(Task item): In the entries that follow, find the line containing "5) large metal block at [134, 44, 209, 118]"; from there, copy every line exactly through the line containing "- metal rod <box>0,0,42,74</box>".

(Supplied entries begins)

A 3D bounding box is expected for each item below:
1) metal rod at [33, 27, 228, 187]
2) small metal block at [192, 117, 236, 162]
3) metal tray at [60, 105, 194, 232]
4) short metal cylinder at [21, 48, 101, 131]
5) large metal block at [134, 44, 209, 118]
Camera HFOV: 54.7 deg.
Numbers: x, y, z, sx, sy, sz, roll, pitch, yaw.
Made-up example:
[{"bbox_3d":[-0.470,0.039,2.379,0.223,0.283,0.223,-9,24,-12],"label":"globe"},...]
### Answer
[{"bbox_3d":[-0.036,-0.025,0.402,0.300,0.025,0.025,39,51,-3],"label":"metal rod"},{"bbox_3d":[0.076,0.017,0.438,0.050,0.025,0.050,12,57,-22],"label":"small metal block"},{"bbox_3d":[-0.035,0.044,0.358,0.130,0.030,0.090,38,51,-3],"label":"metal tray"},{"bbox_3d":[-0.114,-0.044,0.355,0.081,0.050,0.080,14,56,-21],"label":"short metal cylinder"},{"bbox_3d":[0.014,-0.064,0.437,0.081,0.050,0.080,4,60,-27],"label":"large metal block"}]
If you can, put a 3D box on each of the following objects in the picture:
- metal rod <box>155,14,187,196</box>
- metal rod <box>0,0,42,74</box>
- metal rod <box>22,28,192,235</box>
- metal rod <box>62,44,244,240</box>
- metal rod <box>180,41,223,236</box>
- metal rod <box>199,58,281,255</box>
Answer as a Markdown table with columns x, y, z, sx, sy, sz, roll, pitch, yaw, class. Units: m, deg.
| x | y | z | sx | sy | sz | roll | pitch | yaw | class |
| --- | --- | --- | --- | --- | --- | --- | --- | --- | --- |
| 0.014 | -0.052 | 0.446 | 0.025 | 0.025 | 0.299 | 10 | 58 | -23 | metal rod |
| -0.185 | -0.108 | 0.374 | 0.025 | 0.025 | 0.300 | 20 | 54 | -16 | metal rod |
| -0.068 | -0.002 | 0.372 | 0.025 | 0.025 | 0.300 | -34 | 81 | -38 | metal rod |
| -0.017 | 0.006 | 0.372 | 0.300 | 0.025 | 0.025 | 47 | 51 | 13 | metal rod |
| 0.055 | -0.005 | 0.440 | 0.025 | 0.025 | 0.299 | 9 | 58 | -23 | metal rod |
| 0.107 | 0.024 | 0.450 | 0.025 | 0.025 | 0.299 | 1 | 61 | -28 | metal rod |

(Supplied entries ends)

(Expected output):
5) large metal block at [134, 44, 209, 118]
Camera HFOV: 54.7 deg.
Numbers: x, y, z, sx, sy, sz, roll, pitch, yaw.
Made-up example:
[{"bbox_3d":[-0.470,0.039,2.379,0.223,0.283,0.223,-9,24,-12],"label":"globe"},...]
### Answer
[{"bbox_3d":[-0.036,-0.025,0.402,0.300,0.025,0.025,39,51,-3],"label":"metal rod"},{"bbox_3d":[0.076,0.017,0.438,0.050,0.025,0.050,12,57,-22],"label":"small metal block"},{"bbox_3d":[-0.035,0.044,0.358,0.130,0.030,0.090,38,51,-3],"label":"metal tray"},{"bbox_3d":[-0.114,-0.044,0.355,0.081,0.050,0.080,14,56,-21],"label":"short metal cylinder"},{"bbox_3d":[0.014,-0.064,0.437,0.081,0.050,0.080,4,60,-27],"label":"large metal block"}]
If you can, put a 3D box on each of the following objects in the picture:
- metal rod <box>155,14,187,196</box>
- metal rod <box>0,0,42,74</box>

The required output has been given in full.